The drive extension <NUM> has an internal bore in its distal end <NUM> which receives the proximal end <NUM> and end section <NUM> of the drill bit <NUM> and similarly the proximal end <NUM> and end section <NUM> of the screw <NUM>. The end sections <NUM>, <NUM> have equivalent cross-sectional profiles and as illustrated are provided with six regularly spaced and matching size flats <NUM> which provide an hexagonal drive interface. The internal bore of the drive extension <NUM> is provided with a corresponding drive profile; in the illustrated case with six regularly spaced and matching size flats <NUM> which provide an hexagonal drive interface. The cooperation of the two drive faces readily transfers torque from the drive extension <NUM> to the drill bit <NUM> or screw <NUM>. The depth of the internal bore, considered along axis X-X, matches the length of the end sections <NUM>, <NUM> such that abutment of the proximal ends <NUM>, <NUM> with the base <NUM> of the bore <NUM> results in correct alignment of the drive interfaces. The abutment also constrains axial movement of the drill bit <NUM> or screw <NUM> into the drive extension <NUM> and allows application of axial force to encourage the drill bit <NUM> or screw <NUM> into the material of the liner <NUM>.

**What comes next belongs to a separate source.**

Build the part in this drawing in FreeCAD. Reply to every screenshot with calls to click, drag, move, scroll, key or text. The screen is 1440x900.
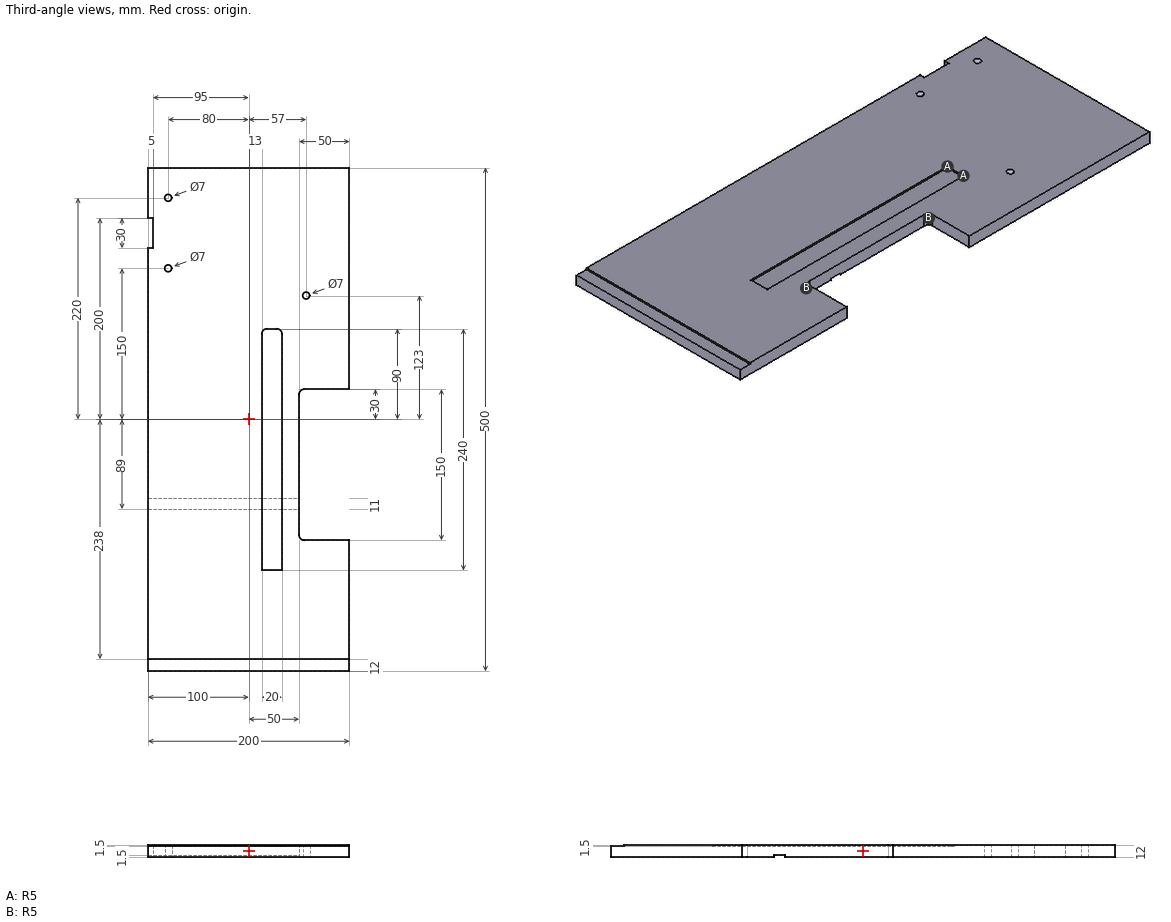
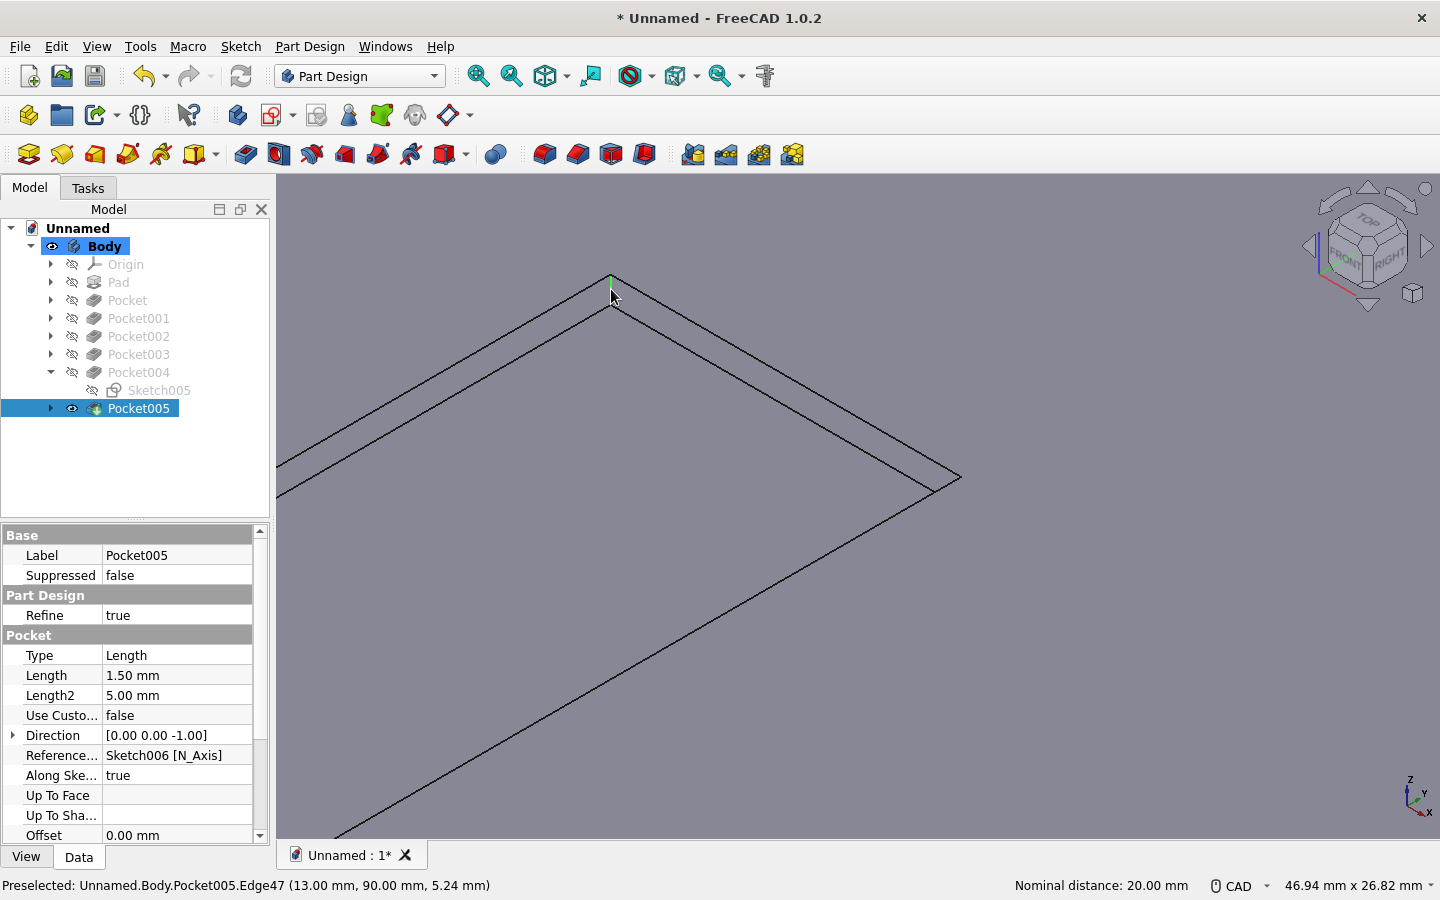
click(545, 154)

It is desirable to provide for easy engagement and disengagement of the drill bit <NUM> and/or screw <NUM> with the drive extension <NUM>. At the same time, there is a need to retain the drill bit <NUM> and/or screw <NUM> on the drive extension <NUM> during their movement to the position of use and during their movement away from the position of use. In the disclosure, this level of axial restraint for the drill bit <NUM> and/or screw <NUM> against relative axial movement away from the drive extension <NUM> is provided by the interaction of an O-ring <NUM> on one with the surface on the other. In one form, the O-ring <NUM> is provided on the single use drill bit <NUM> rather than in the internal bore <NUM> of the drive extension <NUM>. Similarly the O-ring <NUM> may be provided on the single use screw <NUM> rather than in the internal bore <NUM> of the drive extension <NUM>.

In that one form, as the drill bit <NUM> is slid into the internal bore <NUM>, at least when the proximal end <NUM> approaches the base <NUM> of the bore <NUM>, the internal profile of the bore <NUM> causes compression of the O-ring <NUM>. The resilience of the O-ring <NUM> resists this compression and hence resists axial movement of the drill bit <NUM> out of the bore <NUM>. The resistance is sufficient to prevent the weight of the drill bit <NUM> or a knock to the drill bit <NUM> causing it to detach from the drive extension <NUM>. The O-ring <NUM> on the screw <NUM> operates and interacts in an equivalent manner. The resistance to axial movement is limited, however, and so the drill bit <NUM> or screw <NUM> can readily be pulled out of the drive extension <NUM> when desired, for instance to swap from the drill bit <NUM> to a screw <NUM>. As the drill bit <NUM> and screw <NUM> are intended to be single use, there is no need to sterilise a structure with an O-ring <NUM> present.

Claim 1:
A surgical instrument (<NUM>), the instrument comprising:
a stem (<NUM>), the stem having a proximal end (<NUM>) and having a distal end (<NUM>);
a handle portion (<NUM>), the handle portion being provided towards the proximal end of the stem; and
a guide element (<NUM>), the guide element being provided towards the distal end of the stem, wherein the guide element provides:
a body element defining a guide channel (<NUM>), the guide channel having a longitudinal axis and being open at both ends along the longitudinal axis; and
one or more positioning elements (130a, 130b), characterised in that a curved element and/or an edge (<NUM>) is provided towards the distal end of the one or more positioning elements, and wherein the curved element and/or edge project away from the guide element towards a longitudinal axis of the guide channel.